Quality of Service (QoS) Integration Guide
SDK source (GitHub): https://github.com/tangle-network/blueprint/tree/v2/crates/qos
This guide explains how to integrate the Blueprint SDK Quality of Service (QoS) system for observability, monitoring, and dashboards. QoS combines heartbeats, metrics, logs, and Grafana dashboards into a single service that you can run alongside any Blueprint.
QoS Summary
The Blueprint QoS system provides a complete observability stack:
- Heartbeat Service: submits periodic liveness signals to the status registry
- Metrics Collection: exports system and job metrics via a Prometheus-compatible endpoint
- Logging: streams logs to Loki (optional)
- Dashboards: builds Grafana dashboards (optional)
- Server Management: can run Grafana/Loki/Prometheus containers for you
What QoS Exposes
QoS always exposes a Prometheus-compatible metrics endpoint when metrics are enabled. Grafana and Loki are optional and can be managed by QoS or connected externally.
| Component | Default Endpoint | Notes |
|---|---|---|
| Prometheus metrics | http://<host>:9090/metrics | Includes /health plus Prometheus v1 API routes like /api/v1/query. |
| Grafana UI | http://<host>:3000 | Only when configured or managed by QoS. |
| Loki push API | http://<host>:3100/loki/api/v1/push | Only when configured or managed by QoS. |
Integrating QoS with BlueprintRunner
If you use BlueprintRunner, it wires the HTTP RPC endpoint, keystore URI, and status registry address into QoS for you:
let qos_config = blueprint_qos::default_qos_config();
let heartbeat_consumer = Arc::new(MyHeartbeatConsumer::new());
BlueprintRunner::builder(TangleEvmConfig::default(), env)
.router(router)
.qos_service(qos_config, Some(heartbeat_consumer))
.run()
.await?;Note: BlueprintRunner::qos_service enables manage_servers(true) internally.

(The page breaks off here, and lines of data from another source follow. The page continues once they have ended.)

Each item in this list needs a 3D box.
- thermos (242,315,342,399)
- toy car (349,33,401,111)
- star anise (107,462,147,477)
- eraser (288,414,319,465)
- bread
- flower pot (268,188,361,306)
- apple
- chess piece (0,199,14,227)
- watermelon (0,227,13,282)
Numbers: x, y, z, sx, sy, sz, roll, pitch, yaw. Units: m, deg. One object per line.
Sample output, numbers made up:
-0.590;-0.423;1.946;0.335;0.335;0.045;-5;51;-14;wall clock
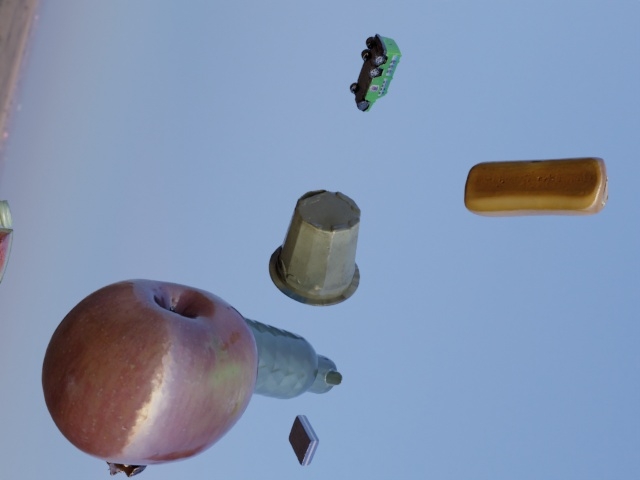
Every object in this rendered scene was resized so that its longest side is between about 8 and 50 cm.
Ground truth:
-0.100;0.250;1.788;0.182;0.287;0.144;3;-105;48;thermos
0.113;-0.344;1.813;0.165;0.063;0.071;111;-28;-43;toy car
-0.436;0.431;1.992;0.220;0.126;0.190;-17;-91;61;star anise
-0.050;0.581;2.556;0.225;0.036;0.081;-141;-109;-74;eraser
0.342;-0.080;1.377;0.239;0.074;0.092;2;-107;42;bread
0.000;0.000;1.926;0.212;0.213;0.202;-100;-164;-49;flower pot
-0.245;0.185;1.279;0.305;0.306;0.234;-120;-133;-62;apple
-0.709;-0.040;1.791;0.059;0.149;0.059;166;-90;-73;chess piece
-0.782;0.033;2.013;0.137;0.193;0.145;-31;-162;8;watermelon
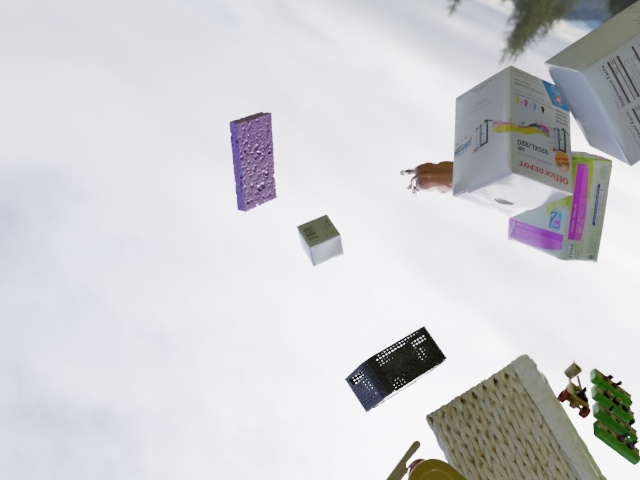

If you want to avoid managed containers, pass a config with grafana_server: None and loki_server: None.
HeartbeatConsumer and Keystore Requirements
Heartbeats require a keystore with an ECDSA key. Use BLUEPRINT_KEYSTORE_URI or --keystore-path so QoS can sign heartbeats.
cargo tangle key --algo ecdsa --keystore ./keystore --name operator
export BLUEPRINT_KEYSTORE_URI="$(pwd)/keystore"Implement the heartbeat consumer using the current trait signature:
use blueprint_qos::heartbeat::{HeartbeatConsumer, HeartbeatStatus};
use blueprint_qos::error::Result as QoSResult;
use std::future::Future;
use std::pin::Pin;
#[derive(Clone)]
struct MyHeartbeatConsumer;
impl HeartbeatConsumer for MyHeartbeatConsumer {
fn send_heartbeat(
&self,
_status: &HeartbeatStatus,
) -> Pin<Box<dyn Future<Output = QoSResult<()>> + Send>> {
Box::pin(async move { Ok(()) })
}
}Configuration Options
Default Configuration
let qos_config = blueprint_qos::default_qos_config();This enables metrics, Loki logging, and Grafana integration. Whether containers start depends on manage_servers (BlueprintRunner forces it on; see note above).
Bring Your Own Observability Stack
Point QoS at your existing Grafana/Loki/Prometheus stack by overriding the configs and keeping manage_servers off:
let qos_config = QoSConfig {
metrics: Some(MetricsConfig {
prometheus_server: Some(PrometheusServerConfig {
host: "0.0.0.0".into(),
port: 9090,
use_docker: false,
..Default::default()
}),
..Default::default()
}),
grafana: Some(GrafanaConfig {
url: "http://grafana.internal:3000".into(),
api_key: Some(std::env::var("GRAFANA_API_KEY")?),
prometheus_datasource_url: Some("http://prometheus.internal:9090".into()),
..Default::default()
}),
loki: Some(LokiConfig {
url: "http://loki.internal:3100/loki/api/v1/push".into(),
..Default::default()
}),
manage_servers: false,
..blueprint_qos::default_qos_config()
};Managed Observability Stack
QoS can spin up Grafana, Loki, and Prometheus containers for you. Make sure Docker is available.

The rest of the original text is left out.